Fingimos sorpresa e indignación cuando se hace evidente que también los gobernantes libran batallas por su salud mental.
Quizás lo mejor de la serie Los Soprano, aparte de cómo nos va probando que la mafia es la parodia del capitalismo, sea el retrato de estas sociedades jerárquicas –de machos– que siguen viendo la ida al psicólogo como una debilidad, una derrota. El ponerólogo polaco Andrzej Lobaczewski habló de “épocas infelices”, como estas, que empujan a las democracias a recobrar la cordura. Sabemos, por los deportistas, que toda vida es un pulso con la mente. Somos un pueblo con estrés postraumático. Vemos a diario, en el espejo, que la procesión va por dentro. Pero fingimos sorpresa e indignación cuando se hace evidente que también los gobernantes libran batallas por su salud mental.

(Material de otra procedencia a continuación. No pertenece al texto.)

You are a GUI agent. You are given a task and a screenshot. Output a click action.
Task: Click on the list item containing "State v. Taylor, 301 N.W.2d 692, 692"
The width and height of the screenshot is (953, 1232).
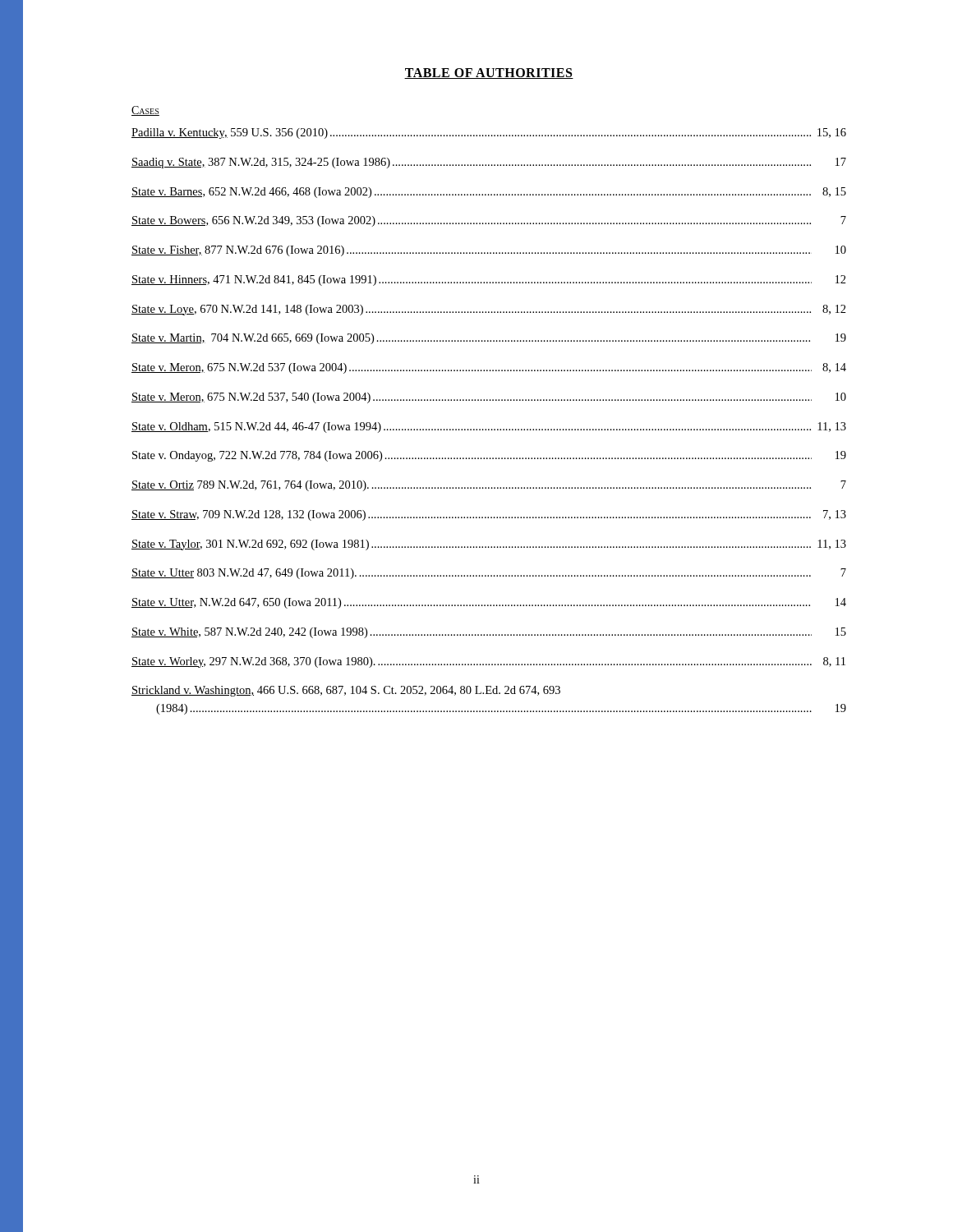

Y, en un país brutal en el que tanto la adolescencia como la terapia han sido un privilegio, habría que verle la autoridad a un líder que lidia sus heridas.
No estoy justificando, de ningún modo, las misteriosas e incansables ausencias del Presidente. Sé que Mercurio, el planeta de la razón, ha estado retrógrado para los que se fijan en el cielo, y nadie ha escuchado a nadie a finales de agosto, pero no seré yo quien culpe a los astros. Tengo claro, por el chiste de Woody Allen, que “el 90 por ciento del éxito es aparecer”. Que las excusas de Petro son insólitas. Que, luego de hacer la paz con el Estado, de salvarse mil veces de ser un nombre más en el exterminio de la izquierda y de ganar las elecciones que jamás se iban a ganar, suena a chiste macabro eso de que “el Presidente no llegó”. Y pienso, entonces, que ciertos opositores se pasarán estos tres años varados en banales e inútiles ataques personales, y la mejor respuesta será una presidencia seria que se dedique día y noche a la igualdad.
Colombia va a repetirse hasta que sea una terapia de grupo. Se buscan ciudadanos dispuestos a reconocer –en la prensa, en la ficción, en la JEP– cómo nos fue desalmando la guerra. Se buscan líderes responsables que inviten a hablar una misma lengua que no sea la de la violencia. El 90 por ciento del éxito será que aparezcan.